> _DATA LISTING_
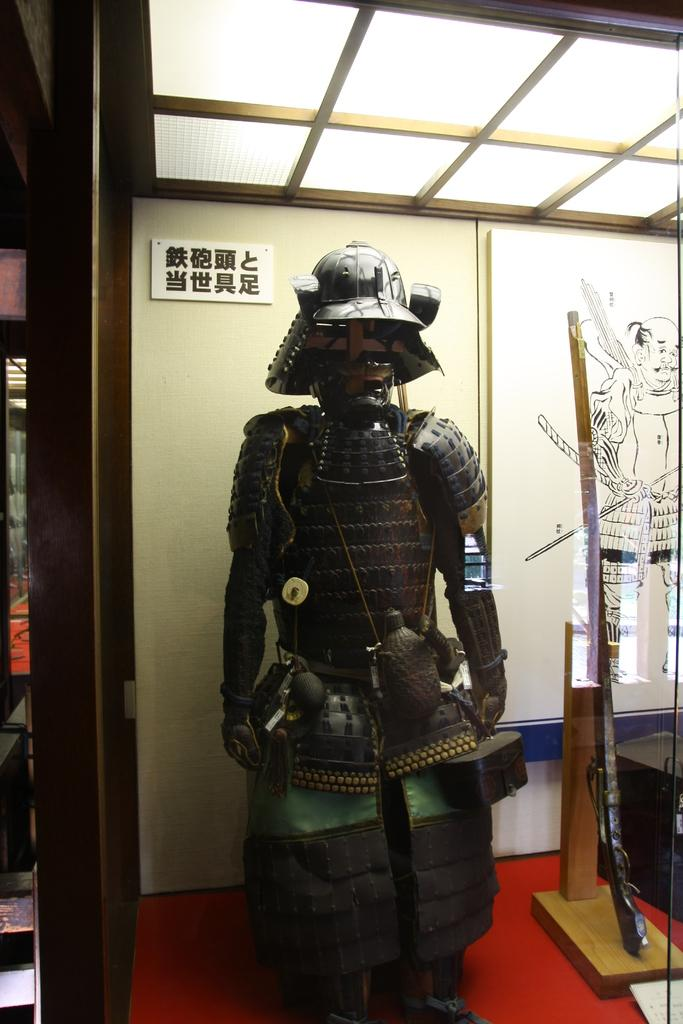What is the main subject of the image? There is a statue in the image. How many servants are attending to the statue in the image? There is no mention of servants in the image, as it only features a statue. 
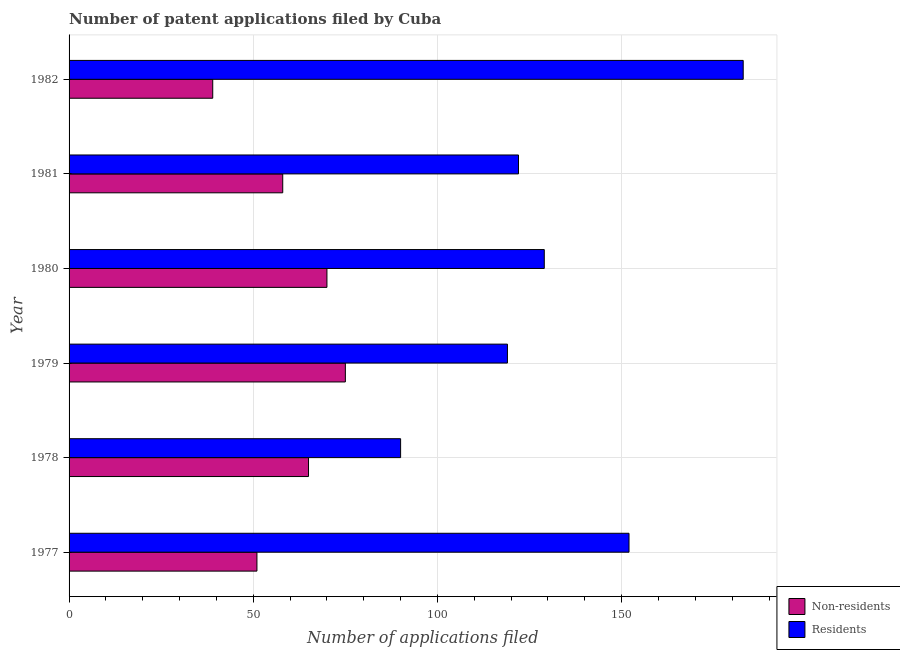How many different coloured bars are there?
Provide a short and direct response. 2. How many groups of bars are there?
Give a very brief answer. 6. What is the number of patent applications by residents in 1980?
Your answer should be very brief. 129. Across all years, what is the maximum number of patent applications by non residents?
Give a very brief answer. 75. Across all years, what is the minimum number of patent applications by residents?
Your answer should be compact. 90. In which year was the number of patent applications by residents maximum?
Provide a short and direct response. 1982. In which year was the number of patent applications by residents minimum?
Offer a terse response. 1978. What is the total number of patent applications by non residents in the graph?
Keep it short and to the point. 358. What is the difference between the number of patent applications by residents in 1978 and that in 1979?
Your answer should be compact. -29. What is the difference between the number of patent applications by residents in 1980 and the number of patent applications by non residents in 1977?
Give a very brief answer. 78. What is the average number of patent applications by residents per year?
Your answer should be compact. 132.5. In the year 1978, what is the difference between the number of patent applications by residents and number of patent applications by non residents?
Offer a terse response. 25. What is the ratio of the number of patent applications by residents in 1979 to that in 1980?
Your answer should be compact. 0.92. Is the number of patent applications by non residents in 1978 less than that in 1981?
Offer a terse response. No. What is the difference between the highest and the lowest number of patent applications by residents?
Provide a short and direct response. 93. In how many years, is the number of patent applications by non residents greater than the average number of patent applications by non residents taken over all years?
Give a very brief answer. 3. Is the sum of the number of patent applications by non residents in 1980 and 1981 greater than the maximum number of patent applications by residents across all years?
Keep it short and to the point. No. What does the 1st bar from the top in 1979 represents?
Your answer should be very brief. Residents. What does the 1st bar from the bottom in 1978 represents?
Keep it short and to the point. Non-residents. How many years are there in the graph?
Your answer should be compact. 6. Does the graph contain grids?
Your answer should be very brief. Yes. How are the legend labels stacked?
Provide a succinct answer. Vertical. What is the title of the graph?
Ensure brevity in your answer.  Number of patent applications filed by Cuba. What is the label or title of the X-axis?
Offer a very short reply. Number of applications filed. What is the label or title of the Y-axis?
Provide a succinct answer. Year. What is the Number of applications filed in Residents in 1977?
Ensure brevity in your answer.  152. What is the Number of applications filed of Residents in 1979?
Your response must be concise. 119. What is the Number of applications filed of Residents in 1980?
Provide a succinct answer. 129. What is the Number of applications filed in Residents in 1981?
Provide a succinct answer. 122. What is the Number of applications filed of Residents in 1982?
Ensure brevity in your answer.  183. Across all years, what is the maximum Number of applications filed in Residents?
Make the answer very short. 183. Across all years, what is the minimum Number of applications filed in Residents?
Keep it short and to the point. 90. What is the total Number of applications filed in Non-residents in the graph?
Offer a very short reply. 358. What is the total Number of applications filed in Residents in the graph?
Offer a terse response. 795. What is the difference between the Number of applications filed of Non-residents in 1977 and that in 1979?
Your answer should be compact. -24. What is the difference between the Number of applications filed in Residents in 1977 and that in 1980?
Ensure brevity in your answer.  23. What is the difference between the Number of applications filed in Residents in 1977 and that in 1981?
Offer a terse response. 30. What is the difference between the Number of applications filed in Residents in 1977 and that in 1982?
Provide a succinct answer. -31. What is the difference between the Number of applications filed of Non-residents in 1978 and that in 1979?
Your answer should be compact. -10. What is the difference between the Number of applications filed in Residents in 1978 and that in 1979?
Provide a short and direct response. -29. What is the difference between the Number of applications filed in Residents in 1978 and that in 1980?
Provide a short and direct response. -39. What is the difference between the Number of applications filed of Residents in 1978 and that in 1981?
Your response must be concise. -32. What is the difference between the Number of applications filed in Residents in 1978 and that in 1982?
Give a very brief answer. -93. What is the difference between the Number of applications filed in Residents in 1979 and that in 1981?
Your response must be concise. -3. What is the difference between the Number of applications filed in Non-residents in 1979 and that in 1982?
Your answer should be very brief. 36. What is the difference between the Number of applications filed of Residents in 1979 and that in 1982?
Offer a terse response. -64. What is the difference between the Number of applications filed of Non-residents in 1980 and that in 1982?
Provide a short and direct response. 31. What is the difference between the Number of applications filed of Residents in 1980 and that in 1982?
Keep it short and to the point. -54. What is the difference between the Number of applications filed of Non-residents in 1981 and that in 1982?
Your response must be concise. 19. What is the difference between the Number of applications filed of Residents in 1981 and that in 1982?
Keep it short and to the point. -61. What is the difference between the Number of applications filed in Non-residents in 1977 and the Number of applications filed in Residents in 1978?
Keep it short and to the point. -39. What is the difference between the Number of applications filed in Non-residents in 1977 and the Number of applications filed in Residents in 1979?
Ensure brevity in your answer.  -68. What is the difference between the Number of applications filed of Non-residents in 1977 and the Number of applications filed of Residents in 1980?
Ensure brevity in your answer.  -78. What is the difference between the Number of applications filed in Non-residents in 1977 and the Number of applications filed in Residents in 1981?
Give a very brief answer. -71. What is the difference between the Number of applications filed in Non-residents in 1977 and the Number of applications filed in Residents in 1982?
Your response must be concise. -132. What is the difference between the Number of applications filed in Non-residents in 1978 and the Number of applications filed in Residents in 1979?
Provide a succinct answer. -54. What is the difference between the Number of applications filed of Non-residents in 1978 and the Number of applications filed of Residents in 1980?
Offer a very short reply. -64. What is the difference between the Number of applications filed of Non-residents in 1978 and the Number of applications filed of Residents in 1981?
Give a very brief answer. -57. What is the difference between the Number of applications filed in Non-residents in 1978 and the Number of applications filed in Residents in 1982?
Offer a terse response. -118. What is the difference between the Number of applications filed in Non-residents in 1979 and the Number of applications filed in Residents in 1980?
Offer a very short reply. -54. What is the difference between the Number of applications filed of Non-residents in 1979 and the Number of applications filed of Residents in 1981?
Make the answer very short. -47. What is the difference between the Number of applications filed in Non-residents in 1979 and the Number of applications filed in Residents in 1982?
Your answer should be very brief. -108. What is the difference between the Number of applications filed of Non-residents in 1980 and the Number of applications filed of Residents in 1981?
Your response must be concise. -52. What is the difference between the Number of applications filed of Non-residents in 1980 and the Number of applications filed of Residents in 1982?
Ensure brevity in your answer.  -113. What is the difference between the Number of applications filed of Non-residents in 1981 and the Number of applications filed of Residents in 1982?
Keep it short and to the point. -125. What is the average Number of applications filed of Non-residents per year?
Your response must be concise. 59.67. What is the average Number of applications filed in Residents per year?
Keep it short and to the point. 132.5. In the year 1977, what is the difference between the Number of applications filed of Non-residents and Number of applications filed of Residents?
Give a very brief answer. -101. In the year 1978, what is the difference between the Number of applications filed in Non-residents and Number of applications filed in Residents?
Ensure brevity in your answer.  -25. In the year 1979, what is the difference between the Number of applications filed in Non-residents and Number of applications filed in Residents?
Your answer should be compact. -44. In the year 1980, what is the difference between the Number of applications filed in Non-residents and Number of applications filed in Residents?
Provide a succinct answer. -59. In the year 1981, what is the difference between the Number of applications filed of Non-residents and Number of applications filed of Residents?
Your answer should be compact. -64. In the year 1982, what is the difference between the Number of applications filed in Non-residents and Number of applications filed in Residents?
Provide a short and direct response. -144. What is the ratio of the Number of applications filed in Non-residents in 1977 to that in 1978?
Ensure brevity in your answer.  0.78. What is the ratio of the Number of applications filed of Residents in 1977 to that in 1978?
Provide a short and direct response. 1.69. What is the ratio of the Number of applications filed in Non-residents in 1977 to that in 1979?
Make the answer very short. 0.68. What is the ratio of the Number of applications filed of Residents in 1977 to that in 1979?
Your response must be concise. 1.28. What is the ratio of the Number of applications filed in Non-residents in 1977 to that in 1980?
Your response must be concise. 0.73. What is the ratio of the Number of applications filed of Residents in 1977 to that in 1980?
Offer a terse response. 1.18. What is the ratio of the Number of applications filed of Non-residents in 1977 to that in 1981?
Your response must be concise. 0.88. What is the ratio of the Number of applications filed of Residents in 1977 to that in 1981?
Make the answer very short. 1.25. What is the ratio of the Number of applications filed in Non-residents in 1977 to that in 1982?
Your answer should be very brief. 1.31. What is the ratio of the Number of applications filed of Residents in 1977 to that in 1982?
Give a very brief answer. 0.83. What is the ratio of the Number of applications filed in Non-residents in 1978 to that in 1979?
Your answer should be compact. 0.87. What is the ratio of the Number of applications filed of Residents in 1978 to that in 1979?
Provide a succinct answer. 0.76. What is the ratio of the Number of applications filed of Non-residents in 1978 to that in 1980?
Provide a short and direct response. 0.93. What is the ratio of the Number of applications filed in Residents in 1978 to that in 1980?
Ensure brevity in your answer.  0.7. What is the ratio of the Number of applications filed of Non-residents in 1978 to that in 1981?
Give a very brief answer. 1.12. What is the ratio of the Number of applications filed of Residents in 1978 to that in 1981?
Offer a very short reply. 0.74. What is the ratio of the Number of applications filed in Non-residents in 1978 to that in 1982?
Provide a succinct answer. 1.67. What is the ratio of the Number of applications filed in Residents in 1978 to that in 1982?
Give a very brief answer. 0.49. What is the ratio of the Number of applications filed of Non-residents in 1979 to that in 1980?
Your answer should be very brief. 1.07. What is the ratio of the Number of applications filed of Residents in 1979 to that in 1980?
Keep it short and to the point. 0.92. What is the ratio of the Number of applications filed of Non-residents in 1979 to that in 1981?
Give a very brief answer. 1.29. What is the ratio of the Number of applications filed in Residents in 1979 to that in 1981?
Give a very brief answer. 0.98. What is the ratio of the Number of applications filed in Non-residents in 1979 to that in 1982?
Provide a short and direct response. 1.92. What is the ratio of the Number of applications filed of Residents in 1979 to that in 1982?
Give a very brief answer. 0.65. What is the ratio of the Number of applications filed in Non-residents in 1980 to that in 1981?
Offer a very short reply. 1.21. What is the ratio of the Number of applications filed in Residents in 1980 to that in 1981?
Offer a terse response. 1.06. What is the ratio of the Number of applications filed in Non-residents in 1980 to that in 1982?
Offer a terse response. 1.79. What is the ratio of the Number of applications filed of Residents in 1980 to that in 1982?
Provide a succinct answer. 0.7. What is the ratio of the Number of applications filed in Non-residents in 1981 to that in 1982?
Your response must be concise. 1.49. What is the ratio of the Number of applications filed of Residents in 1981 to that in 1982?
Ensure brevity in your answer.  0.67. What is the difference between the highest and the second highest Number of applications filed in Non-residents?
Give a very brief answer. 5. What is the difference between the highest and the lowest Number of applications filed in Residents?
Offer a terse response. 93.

> _WHAT TO DO_
Report each line in the data above that holds the word "lowest" by copying it.

> _EXERCISE OUTPUT_
Offer a terse response. No. What is the difference between the highest and the lowest number of patent applications by residents?
Give a very brief answer. 5. What is the difference between the highest and the lowest Number of applications filed in Residents?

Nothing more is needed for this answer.